Nuclear Translocation of fibroblast growth factor (FGF) receptors in response to FGF-2.

P A Maher

doi:10.1083/jcb.134.2.529

Nuclear Translocation of fibroblast growth factor (FGF) receptors in response to FGF-2.

The Journal of Cell Biology ◽

10.1083/jcb.134.2.529 ◽

1996 ◽

Vol 134 (2) ◽

pp. 529-536 ◽

Cited By ~ 164

Author(s):

P A Maher

Keyword(s):

Cell Surface ◽

Nuclear Translocation ◽

Cell Types ◽

Surface Proteins ◽

Nuclear Fraction ◽

Fgf Receptor ◽

Quiescent Cells ◽

3T3 Fibroblasts ◽

Different Cell Types ◽

Dose Dependent Increase

Members of the FGF family of growth factors localize to the nuclei in a variety of different cell types. To determine whether FGF receptors are also present within nuclei and if this localization is regulated by FGFs, nuclei were prepared from quiescent and FGF-2-treated Swiss 3T3 fibroblasts and examined for the presence of FGF receptors by immunoblotting with an antibody produced against the extracellular domain of FGF receptor-1 (FGFR-1).

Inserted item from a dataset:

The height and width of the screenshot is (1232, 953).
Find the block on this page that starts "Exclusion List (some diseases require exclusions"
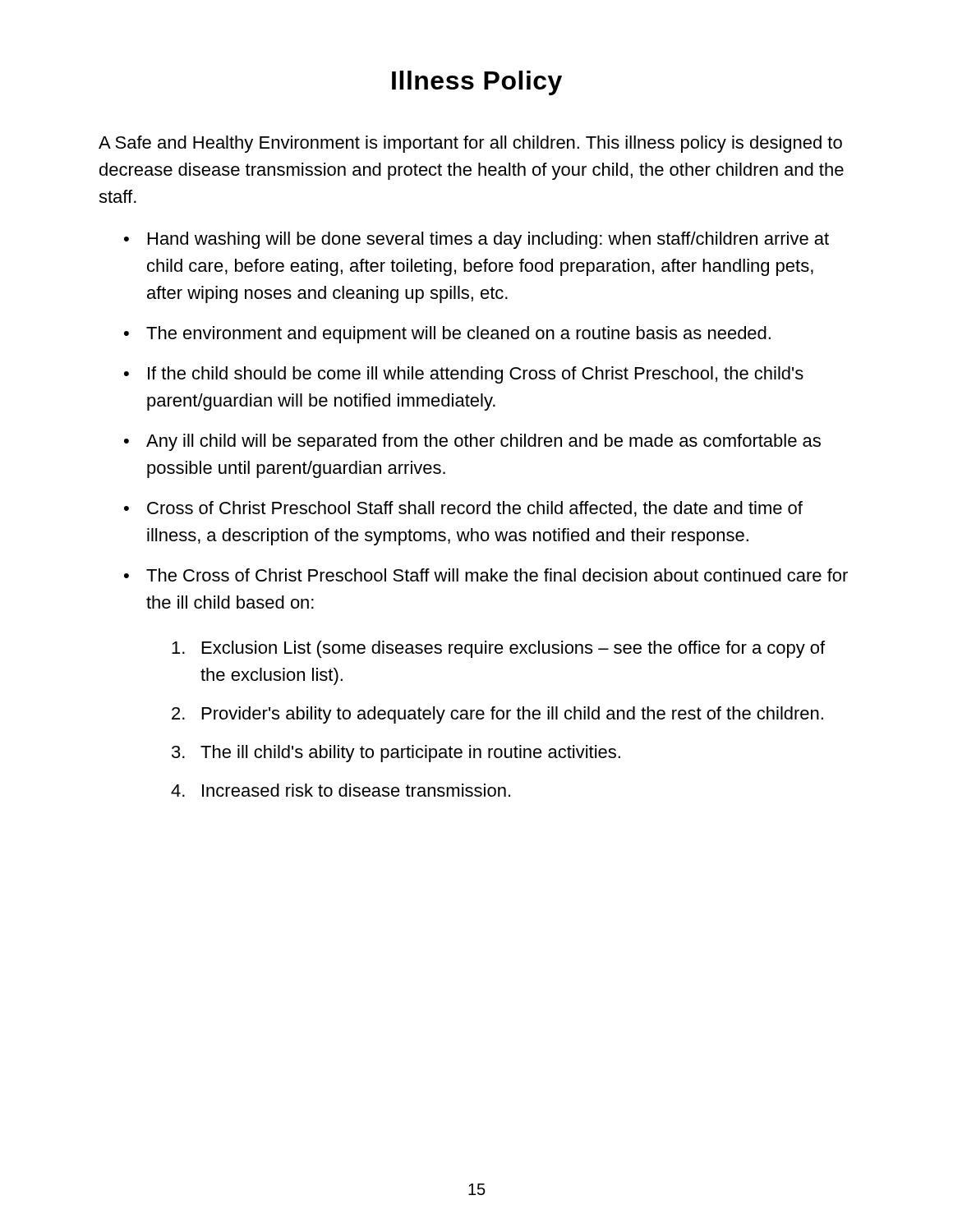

Little or no FGFR-1 is detected in nuclei prepared from quiescent cells. When cells are treated with FGF-2, however, there is a time- and dose-dependent increase in the association of FGFR-1 immunoreactivity with the nucleus. In contrast, treatment with either EGF or 10% serum does not increase the association of FGFR-1 with the nucleus. When cell surface proteins are labeled with biotin, a biotinylated FGFR-1 is detected in the nuclear fraction prepared from FGF-2-treated, but not untreated, cells indicating that the nuclear-associated FGFR-1 immunoreactivity derives from the cell surface. The presence of FGFR-1 in the nuclei of FGF-2-treated cells was confirmed by immunostaining with a panel of different FGFR-1 antibodies, including one directed against the COOH-terminal domain of the protein. Fractionation of nuclei from FGF-2-treated cells indicates that nuclear FGFR-1 is localized to the nuclear matrix, suggesting that the receptor may play a role in regulating gene activity.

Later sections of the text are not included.